Formally, if \(m\) is a language model over \(\Sigma^*\), the support of \(m\), denoted as \(\text{supp}(m)\), is defined as:

\[ \text{supp}(m) = \{ w \in \Sigma^* \mid m(w) > 0 \} \]

This means \(\text{supp}(m)\) includes all the strings \(w\) that have a non-zero probability under the language model \(m\).

## Generator always halts

Now, the obvious thing that follows from this is that if I define a language model as a distribution over \(\Sigma^*\), and \(\Sigma^*\) only contains finite-length strings, then generating a string with probability one means that I always sample a string of finite length, which means I always halt.

This means that **no language model is Turing complete**.

## No language model is general-purpose reasoner

Which is a very obvious fact if you think about it. In fact, it follows completely from the definition of a language model above. If no language model is Turing complete, then no language model is a general-purpose reasoner. That’s just a fact now for you, I hope.

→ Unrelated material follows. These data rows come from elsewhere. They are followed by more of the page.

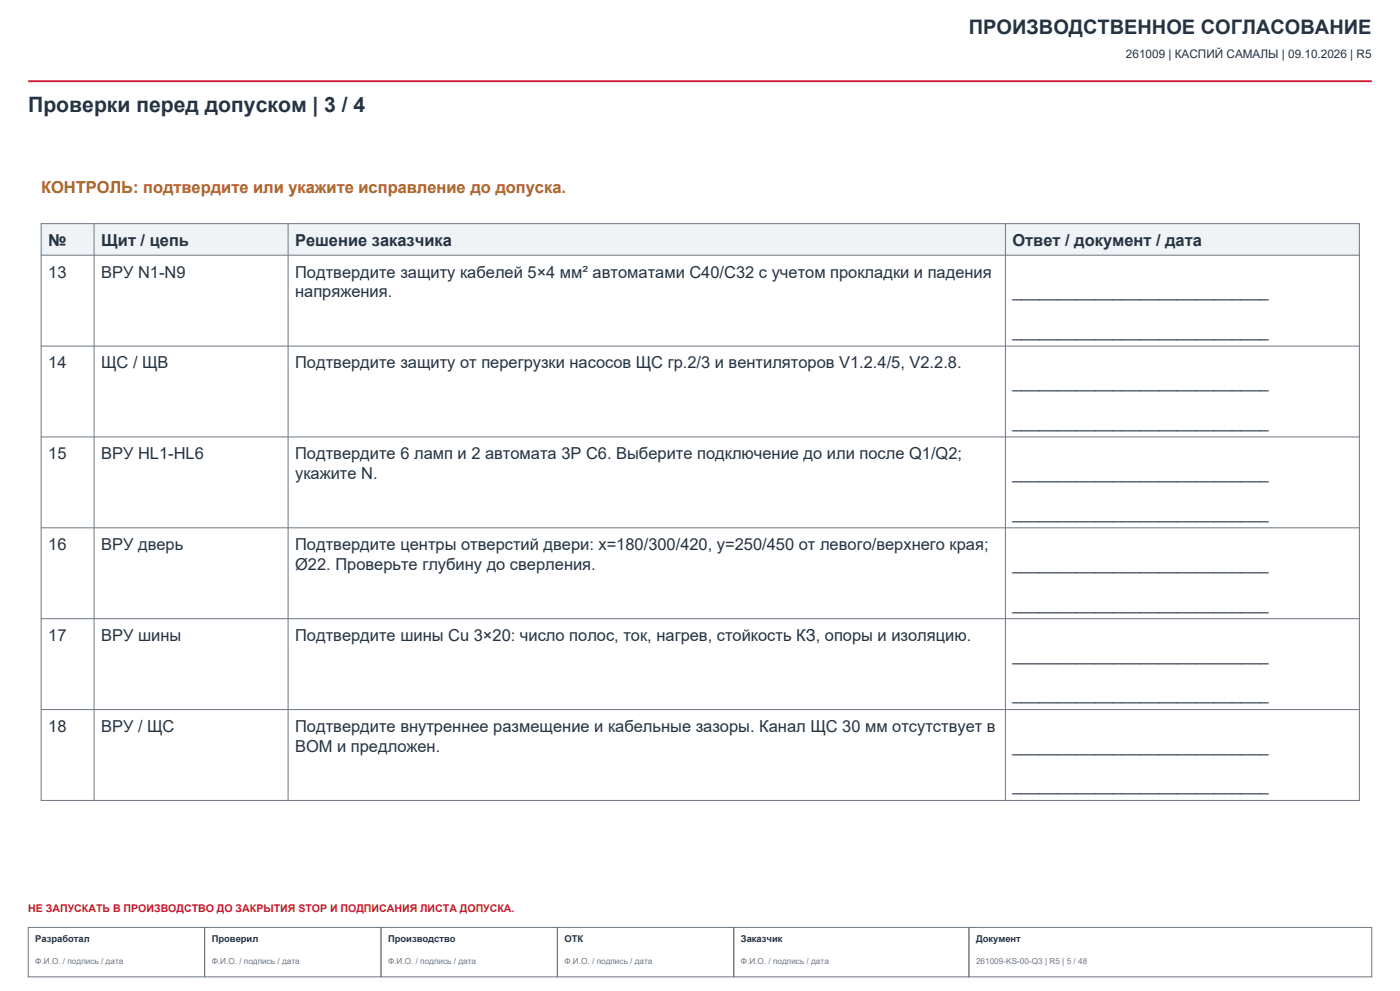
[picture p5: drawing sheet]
<svg xmlns="http://www.w3.org/2000/svg" width="420mm" height="297mm" viewBox="0 0 420 297" stroke-linecap="round" stroke-linejoin="round" font-family="sans-serif">
<defs><g id="words">
<text font-size="6.3" fill="#253342" x="8.5" y="33.5">Проверки перед допуском | 3 / 4</text>
<text font-size="6" fill="#253342" x="290.7" y="10.2">ПРОИЗВОДСТВЕННОЕ СОГЛАСОВАНИЕ</text>
<text font-size="4.9" fill="#b56918" x="12.3" y="57.9">КОНТРОЛЬ: подтвердите или укажите исправление до допуска.</text>
<g font-size="4.9" fill="#253342">
<text x="14.5" y="73.7">№</text>
<text x="30.3" y="73.7">Щит / цепь</text>
<text x="88.5" y="73.7">Решение заказчика</text>
<text x="303.7" y="73.7">Ответ / документ / дата</text>
<text x="14.5" y="83.2">13</text>
<text x="30.3" y="83.2">ВРУ N1-N9</text>
<text x="88.5" y="83.2">Подтвердите защиту кабелей 5×4 мм² автоматами C40/C32 с учетом прокладки и падения</text>
<text x="88.5" y="89.1">напряжения.</text>
<text x="303.7" y="89.1">____________________________</text>
<text x="303.7" y="101">____________________________</text>
<text x="14.5" y="110.4">14</text>
<text x="30.3" y="110.4">ЩС / ЩВ</text>
<text x="88.5" y="110.4">Подтвердите защиту от перегрузки насосов ЩС гр.2/3 и вентиляторов V1.2.4/5, V2.2.8.</text>
<text x="303.7" y="116.3">____________________________</text>
<text x="303.7" y="128.2">____________________________</text>
<text x="14.5" y="137.7">15</text>
<text x="30.3" y="137.7">ВРУ HL1-HL6</text>
<text x="88.5" y="137.7">Подтвердите 6 ламп и 2 автомата 3P C6. Выберите подключение до или после Q1/Q2;</text>
<text x="88.5" y="143.6">укажите N.</text>
<text x="303.7" y="143.6">____________________________</text>
<text x="303.7" y="155.4">____________________________</text>
<text x="14.5" y="164.9">16</text>
<text x="30.3" y="164.9">ВРУ дверь</text>
<text x="88.5" y="164.9">Подтвердите центры отверстий двери: x=180/300/420, y=250/450 от левого/верхнего края;</text>
<text x="88.5" y="170.8">Ø22. Проверьте глубину до сверления.</text>
<text x="303.7" y="170.8">____________________________</text>
<text x="303.7" y="182.7">____________________________</text>
<text x="14.5" y="192.1">17</text>
<text x="30.3" y="192.1">ВРУ шины</text>
<text x="88.5" y="192.1">Подтвердите шины Cu 3×20: число полос, ток, нагрев, стойкость КЗ, опоры и изоляцию.</text>
<text x="303.7" y="198">____________________________</text>
<text x="303.7" y="209.9">____________________________</text>
<text x="14.5" y="219.4">18</text>
<text x="30.3" y="219.4">ВРУ / ЩС</text>
<text x="88.5" y="219.4">Подтвердите внутреннее размещение и кабельные зазоры. Канал ЩС 30 мм отсутствует в</text>
<text x="88.5" y="225.3">BOM и предложен.</text>
<text x="303.7" y="225.3">____________________________</text>
<text x="303.7" y="237.1">____________________________</text>
</g>
<text font-size="3.5" fill="#253342" x="337.8" y="17.3">261009 | КАСПИЙ САМАЛЫ | 09.10.2026 | R5</text>
<text font-size="3.2" fill="#cd1634" x="8.5" y="273.4">НЕ ЗАПУСКАТЬ В ПРОИЗВОДСТВО ДО ЗАКРЫТИЯ STOP И ПОДПИСАНИЯ ЛИСТА ДОПУСКА.</text>
<g font-size="2.8" fill="#253342">
<text x="10.6" y="282.2">Разработал</text>
<text x="63.5" y="282.2">Проверил</text>
<text x="116.4" y="282.2">Производство</text>
<text x="169.3" y="282.2">ОТК</text>
<text x="222.2" y="282.2">Заказчик</text>
<text x="292.8" y="282.2">Документ</text>
</g>
<g font-size="2.5" fill="#6d7884">
<text x="10.6" y="288.9">Ф.И.О. / подпись / дата</text>
<text x="63.5" y="288.9">Ф.И.О. / подпись / дата</text>
<text x="116.4" y="288.9">Ф.И.О. / подпись / дата</text>
<text x="169.3" y="288.9">Ф.И.О. / подпись / дата</text>
<text x="222.2" y="288.9">Ф.И.О. / подпись / дата</text>
<text x="292.8" y="288.9">261009-KS-00-Q3 | R5 | 5 / 48</text>
</g>
</g></defs>
<path d="M8.5 24.3h403" fill="none" stroke="#cd1634" stroke-width=".56"/>
<path d="M8.5 278h52.9v14.8h-52.9zM61.4 278h52.9v14.8h-52.9zM114.3 278h52.9v14.8h-52.9zM167.2 278h52.9v14.8h-52.9zM220.1 278h70.6v14.8h-70.6zM290.7 278h120.8v14.8h-120.8z" fill="none" stroke="#6d7884" stroke-width=".3"/>
<path d="M12.3 67h395.5v9.5h-395.5z" fill-rule="evenodd" fill="#f0f3f6"/>
<path d="M12.3 67h395.5v172.9h-395.5zM12.3 76.5h395.5M28.2 67v172.9M86.4 67v172.9M301.6 67v172.9M12.3 103.7h395.5M12.3 131h395.5M12.3 158.2h395.5M12.3 185.4h395.5M12.3 212.7h395.5" fill="none" stroke="#6d7884" stroke-width=".3"/>
<use href="#words"/>
</svg>

Turing completeness fundamentally relies on the fact that the model might not halt. That’s the only way you can possibly get a Turing machine. The process might have to run forever, but that means it has to generate something outside of \(\Sigma^*\), which is impossible for a language model.

So what does this mean? If you continue the chain of reasoning, it means that every big transformer, no matter how large it is, stops with probability one, which means it can’t emulate a Turing machine. Consequently, it can’t perform general-purpose reasoning. Moreover, this conclusion depends on the assumptions you make.

This means that not only are Transformers not Turing complete, but they’re also much farther down the Chomsky hierarchy.

That’s how their non-Turing complete nature prevents these models from emulating the desiderata of AGI, which is often touted as having immense reasoning power.